Икуко Савада издала горлом какой-то хриплый звук.

— Я сам договорюсь с врачом. Ты пройдешь в операционную, минуя приемную, ясно? Ну, а потом в палате на втором этаже будешь вести себя как все, посмотришь, кстати, на пылких девушек, у которых порезаны щеки или отхвачен подбородок.

— Да?

— Самое главное — миновать приемную. Приемная в косметической клинике больше всего похожа на ад. Это самое мрачное помещение в больнице. В страхе и унынии по темным углам там сидят молодые люди, испытывая, видимо, то же, что испытывают в зоопарке шимпанзе в холодный день. Я никак не мог разобрать по их лицам: до операции они или после? Какой-то парень завел со мной разговор якобы о своем товарище, тот, мол, что-то натворил и хочет изменить лицо, но сомневается, не будет ли аморальным поступком сделать себе пластическую операцию — не значит ли это поставить под сомнение все: и то, что живешь на свете, именно ты, и то, что сам мир продолжает существовать. Как ты думаешь, что я ответил?

— Ты все время молчал. Ни с кем ты не разговаривал.

— Да, пожалуй, — сказал я разочарованно.

— Сколько будет стоить операция и пребывание в больнице?

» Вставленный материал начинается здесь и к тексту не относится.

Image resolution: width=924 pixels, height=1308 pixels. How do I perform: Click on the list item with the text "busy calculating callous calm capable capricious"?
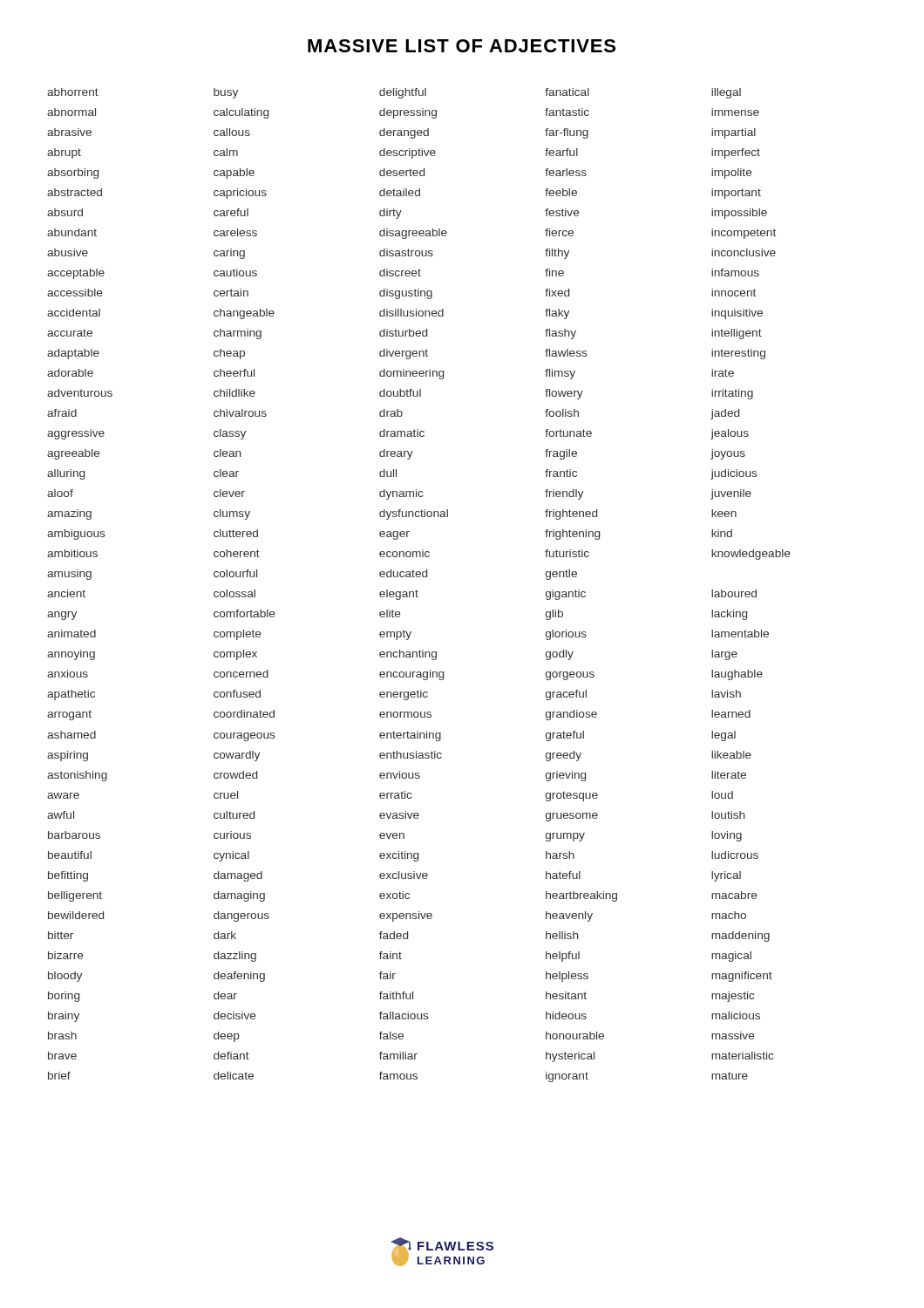[x=226, y=93]

— Врач сказал, пять тысяч иен.

Икуко Савада замерла как громом пораженная. Ее потрясла мизерность суммы. Я покраснел и промолчал, боясь, что от стыда голос у меня сорвется.

— Невозможно. Невозможно. О-о-о!

Я смотрел, распаляя себя гневом, неожиданно пришедшим на смену стыду, как Икуко Савада, побледнев, задрожала, мечтая лишь об одном — на месте провалиться. «Невозможно. Невозможно. О-о-о!» Ах, невозможно? Больница полна девушек, готовых на любые страдания ради того, чтобы на два сантиметра удлинить уродливый нос, как мужественно противостоят они несправедливости природы. А ей только потому, что с нее берут не двести тысяч иен, а всего пять, — невозможно. «Невозможно. О-о-о!» Это, как заклинание, переполнило меня ненавистью, но я прекрасно знал, что по-настоящему меня разозлило, по-настоящему привело в смятение совсем не ее бледное лицо. Если говорить честно, я отчаянно стыдился другого: для меня целое состояние то, что для Икуко Савада — жалкая мелочь. Эта ее жалость к себе, потрясенной нищенской суммой, была как ушат холодной воды на весь мой самодовольный героизм спасителя.

— Дай подумать. Дай хоть немножечко подумать, — сказала, точно издала вопль, испуганно-нерешительная, раздавленная Икуко Савада.

Меня потряс ее голос. Я почувствовал себя садистом, бессердечным извергом. И мне захотелось встать и бежать от своей жертвы, от Икуко Савада, куда-нибудь далеко, хоть на Мадагаскар. «И я еще смею обвинять девушку в заносчивости. Я изверг, по сравнению со мной члены троцкистского Общества сражающейся Японии покажутся воплощением человечности!» — подумал я. По рекомендации Ёсио Китада я попал однажды на собрание этого общества. И мне там очень понравилось.

— Думай, пожалуйста. Дело твое, — сказал я, стараясь придать своему голосу металлические нотки.